2011-03-22 17:22:11 | 鳥(Birds)


ヒクイドリ(Casuarius casuarius johnsonii) Southern Cassowary


オーストラリア8日目。
毎日、鳥を見るため駆けずり回っていた私にも、そろそろ疲れが見えてきた。おかげで朝からまぶたの重い私は、熱帯雨林の真っ只中で1人座ったまま、うつらうつらと居眠りを始めてしまった。今日はあの目覚ましになりそうなくらい大声で鳴くコウロコフウチョウがまだ来ていないせいもあったのだろう。
辺りには友人はおろか誰も居ない。

―どのくらいの間、眠ってしまったのだろうか。
「カチッ、カチッ」という不思議な音に気が付いて目を開けた私は、思わず絶句した。

何ということだろう....!巨大な野生のヒクイドリが、私からほんの1メートルの距離に佇み、私の顔をしげしげと覗き込んでいるではないか!
私はこの時、鳥に対して初めて恐怖心というものを抱いた。もしヒクイドリの機嫌が悪かったり、怒らせたりしたならば恐竜並みの破壊力を秘めた蹴りを喰らって、私はたちどころにただの肉塊になってしまうだろう。
カメラを構えることすら失礼に値すると思った私は、しばらく無言で座ったまま動かずに、ヒクイドリと見つめ合った。
「カチッ、カチッ」という音は、ヒクイドリが嘴を打ち鳴らす音で、この間にも何度も発している。
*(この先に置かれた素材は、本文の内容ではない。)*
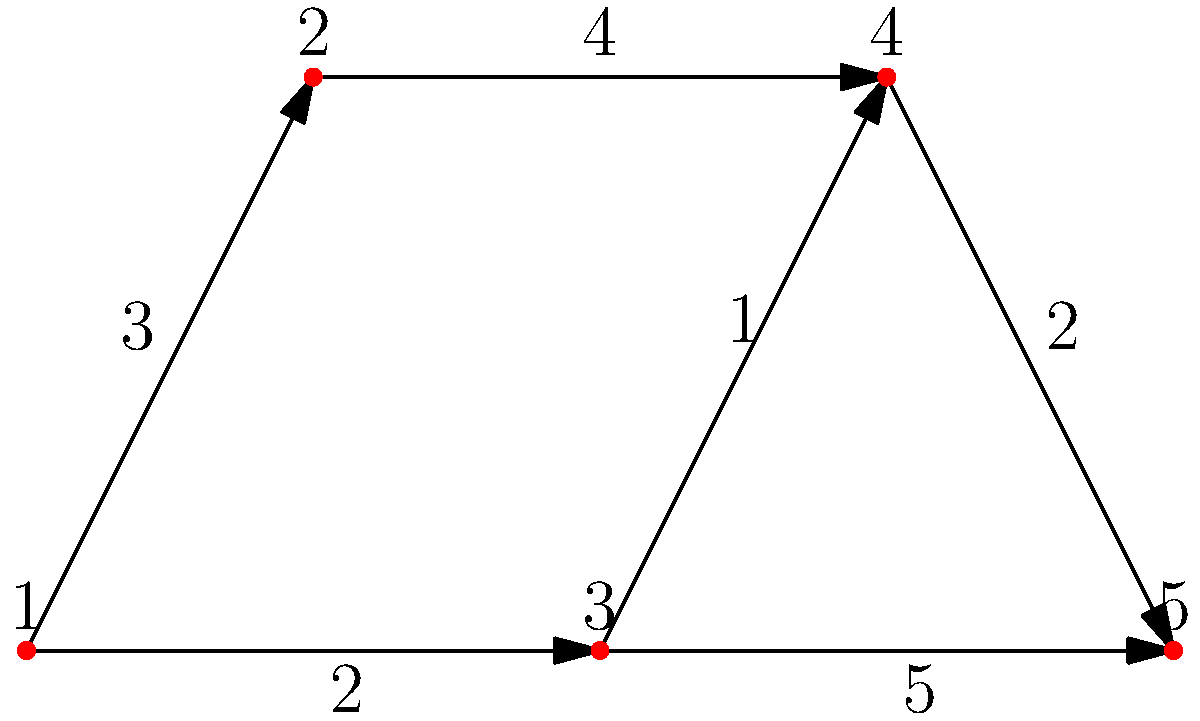In this forest maze, each node represents a clearing, and each edge represents a path between clearings. The numbers on the edges indicate the time (in minutes) it takes to travel that path. If you start at clearing 1 and want to reach clearing 5 as quickly as possible, what is the shortest path and how long does it take? Let's approach this step-by-step using Dijkstra's algorithm:

1) Start at node 1 with a distance of 0. Set all other nodes to infinity.
   Current distances: [0, ∞, ∞, ∞, ∞]

2) Explore neighbors of node 1:
   - To node 2: 0 + 3 = 3
   - To node 3: 0 + 2 = 2
   Updated distances: [0, 3, 2, ∞, ∞]

3) Move to node 3 (smallest unexplored distance).
   Explore neighbors of node 3:
   - To node 4: 2 + 1 = 3
   - To node 5: 2 + 5 = 7
   Updated distances: [0, 3, 2, 3, 7]

4) Move to node 2 or 4 (both have distance 3). Let's choose node 2.
   Explore neighbor of node 2:
   - To node 4: 3 + 4 = 7 (not better than current 3)
   Distances unchanged: [0, 3, 2, 3, 7]

5) Move to node 4.
   Explore neighbor of node 4:
   - To node 5: 3 + 2 = 5
   Updated distances: [0, 3, 2, 3, 5]

6) Move to node 5. All nodes explored.

The shortest path is 1 -> 3 -> 4 -> 5, with a total time of 5 minutes.
Answer: 1 -> 3 -> 4 -> 5, 5 minutes 
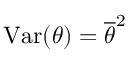<formula> <loc_0><loc_0><loc_500><loc_500>V a r ( \theta ) = \overline { \theta } ^ { 2 }</formula> 
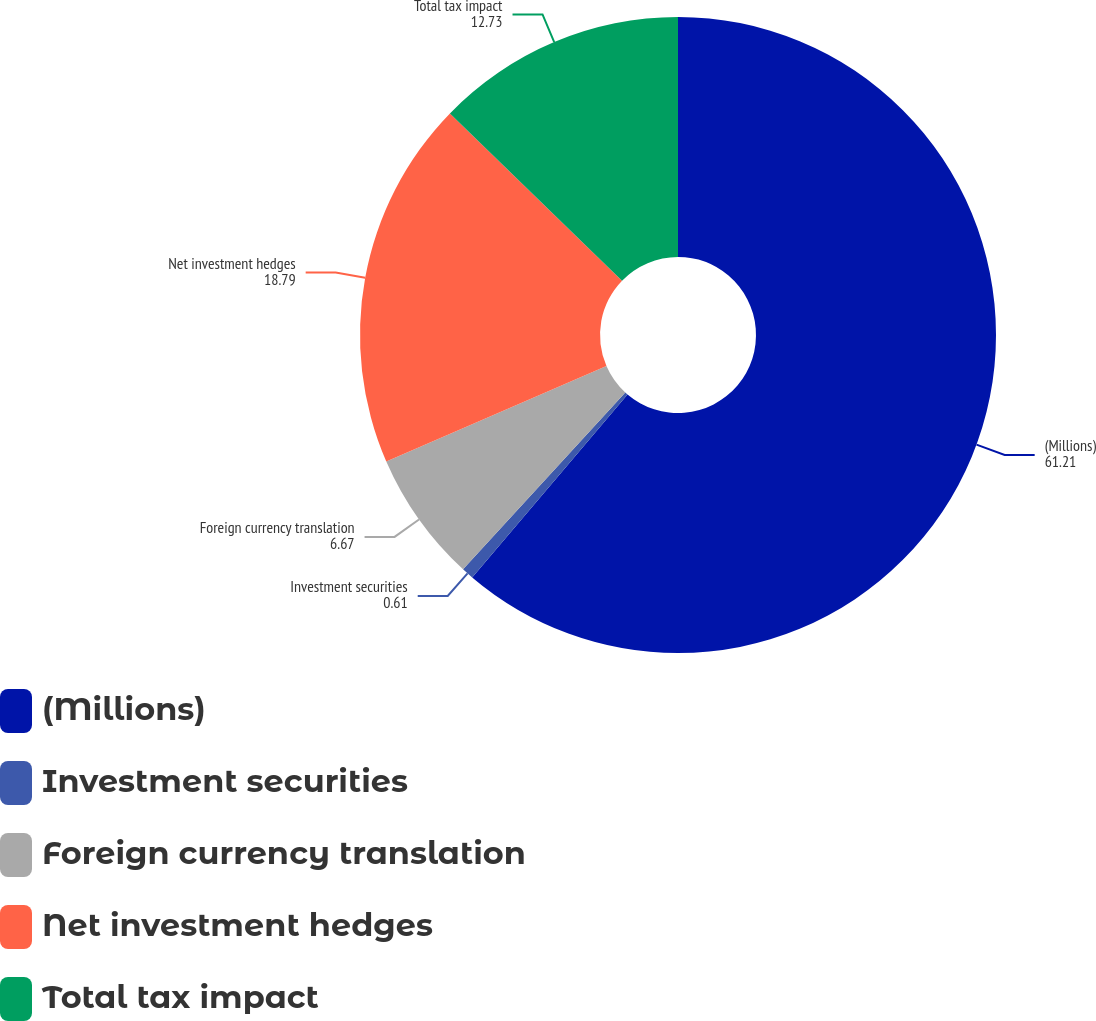<chart> <loc_0><loc_0><loc_500><loc_500><pie_chart><fcel>(Millions)<fcel>Investment securities<fcel>Foreign currency translation<fcel>Net investment hedges<fcel>Total tax impact<nl><fcel>61.21%<fcel>0.61%<fcel>6.67%<fcel>18.79%<fcel>12.73%<nl></chart>

初めは畏怖の念を覚えていた私であったけれど、ヒクイドリの心なしか優しい表情に、恐怖心はそのうちヒクイドリというとんでもない生き物にとんでもない近さで遭遇したのだという感動に徐々に変わっていった。そして私はなけなしの勇気を振り絞って静かに立ち上がり、闇夜に霜が降りるが如く静かにシャッターを切った。

しばらくして“人間観察”を終えた慈悲深いヒクイドリは、ゆっくりと、そして堂々と、熱帯雨林の森の中へ帰っていった。
それを見届けた私は、腰が抜けたかのようにまたその場にへたりと座り込んだ。色んな感情が混ざりに混ざって、まだ全く体の震えが止まらない....!こんなに素晴らしい出逢いは、決して一生忘れることは無いだろう。